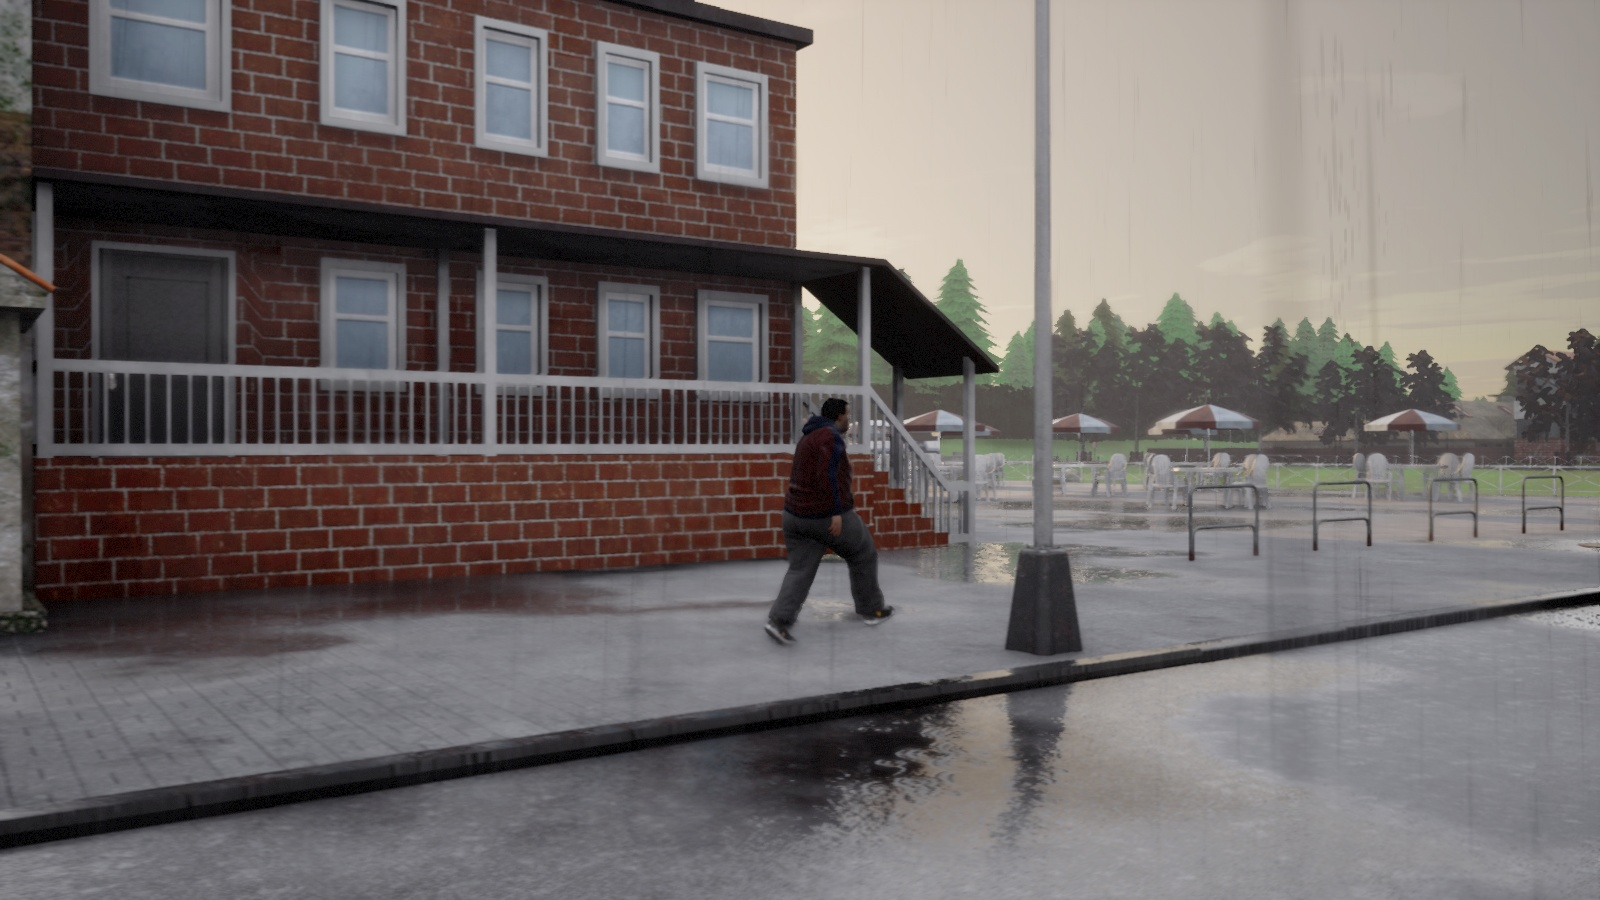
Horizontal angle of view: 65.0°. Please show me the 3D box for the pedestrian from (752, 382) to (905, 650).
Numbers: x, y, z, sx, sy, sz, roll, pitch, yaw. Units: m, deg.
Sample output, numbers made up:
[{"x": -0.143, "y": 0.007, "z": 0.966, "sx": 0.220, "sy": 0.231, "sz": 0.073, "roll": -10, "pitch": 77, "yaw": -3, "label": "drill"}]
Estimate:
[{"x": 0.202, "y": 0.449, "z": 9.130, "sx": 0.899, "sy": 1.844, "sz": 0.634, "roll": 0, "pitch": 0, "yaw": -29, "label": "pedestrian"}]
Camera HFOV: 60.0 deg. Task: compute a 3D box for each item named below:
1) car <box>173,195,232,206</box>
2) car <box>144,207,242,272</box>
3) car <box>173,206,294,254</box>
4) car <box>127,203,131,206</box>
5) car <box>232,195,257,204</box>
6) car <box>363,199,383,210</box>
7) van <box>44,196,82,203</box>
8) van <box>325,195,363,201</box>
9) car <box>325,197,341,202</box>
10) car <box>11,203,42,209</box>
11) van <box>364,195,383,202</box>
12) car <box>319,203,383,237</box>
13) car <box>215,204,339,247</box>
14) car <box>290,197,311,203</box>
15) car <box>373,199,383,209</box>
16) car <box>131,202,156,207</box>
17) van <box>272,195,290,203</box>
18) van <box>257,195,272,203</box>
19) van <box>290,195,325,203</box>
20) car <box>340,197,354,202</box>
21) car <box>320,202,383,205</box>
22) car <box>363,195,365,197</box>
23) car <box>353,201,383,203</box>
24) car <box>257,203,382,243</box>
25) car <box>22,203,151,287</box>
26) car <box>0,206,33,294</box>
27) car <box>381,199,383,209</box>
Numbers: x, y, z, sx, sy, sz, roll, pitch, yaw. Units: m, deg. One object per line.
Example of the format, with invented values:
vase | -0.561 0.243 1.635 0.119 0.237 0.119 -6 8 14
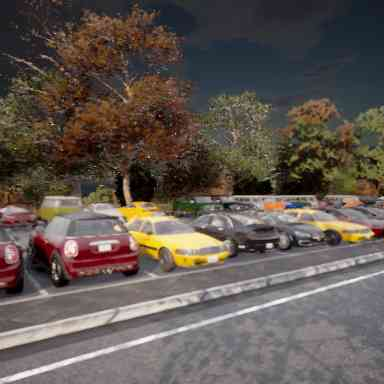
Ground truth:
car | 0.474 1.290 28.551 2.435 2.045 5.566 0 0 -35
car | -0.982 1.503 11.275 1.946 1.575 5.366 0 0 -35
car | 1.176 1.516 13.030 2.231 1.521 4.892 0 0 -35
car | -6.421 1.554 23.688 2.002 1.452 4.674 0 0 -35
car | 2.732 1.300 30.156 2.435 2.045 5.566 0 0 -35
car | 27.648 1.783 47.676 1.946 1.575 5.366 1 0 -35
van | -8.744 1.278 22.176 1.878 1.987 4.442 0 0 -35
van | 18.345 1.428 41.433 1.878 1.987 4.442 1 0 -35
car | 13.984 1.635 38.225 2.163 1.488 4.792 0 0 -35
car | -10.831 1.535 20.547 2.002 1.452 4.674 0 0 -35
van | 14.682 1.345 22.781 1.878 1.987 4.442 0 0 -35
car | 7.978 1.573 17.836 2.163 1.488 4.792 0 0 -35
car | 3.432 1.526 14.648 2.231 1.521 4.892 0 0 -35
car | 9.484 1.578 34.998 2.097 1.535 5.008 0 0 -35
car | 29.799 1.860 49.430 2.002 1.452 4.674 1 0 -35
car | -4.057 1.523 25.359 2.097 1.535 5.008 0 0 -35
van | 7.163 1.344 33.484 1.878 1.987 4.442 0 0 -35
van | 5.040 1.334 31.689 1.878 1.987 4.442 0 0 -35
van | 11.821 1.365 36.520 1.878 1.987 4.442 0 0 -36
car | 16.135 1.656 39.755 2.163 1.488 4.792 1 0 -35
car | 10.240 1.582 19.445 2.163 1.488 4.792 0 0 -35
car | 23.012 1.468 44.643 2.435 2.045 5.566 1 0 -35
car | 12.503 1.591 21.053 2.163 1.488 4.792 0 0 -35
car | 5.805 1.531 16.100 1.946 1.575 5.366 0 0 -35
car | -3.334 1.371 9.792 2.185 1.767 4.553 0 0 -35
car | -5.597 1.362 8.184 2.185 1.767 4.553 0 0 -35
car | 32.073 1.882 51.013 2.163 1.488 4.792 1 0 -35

## YOUR INSTRUCTIONS
Your answer should contain only the lines from the beginning of the listing above through the line with "Camera HFOV: 60.0", copied exactly and without the pictures.

## ANSWER BELOW
Horizontal angle of view: 65.0°. Please show me the 3D box for the pedestrian from (752, 382) to (905, 650).
Numbers: x, y, z, sx, sy, sz, roll, pitch, yaw. Units: m, deg.
Sample output, numbers made up:
[{"x": -0.143, "y": 0.007, "z": 0.966, "sx": 0.220, "sy": 0.231, "sz": 0.073, "roll": -10, "pitch": 77, "yaw": -3, "label": "drill"}]
Estimate:
[{"x": 0.202, "y": 0.449, "z": 9.130, "sx": 0.899, "sy": 1.844, "sz": 0.634, "roll": 0, "pitch": 0, "yaw": -29, "label": "pedestrian"}]
Camera HFOV: 60.0 deg. Task: compute a 3D box for each item named below:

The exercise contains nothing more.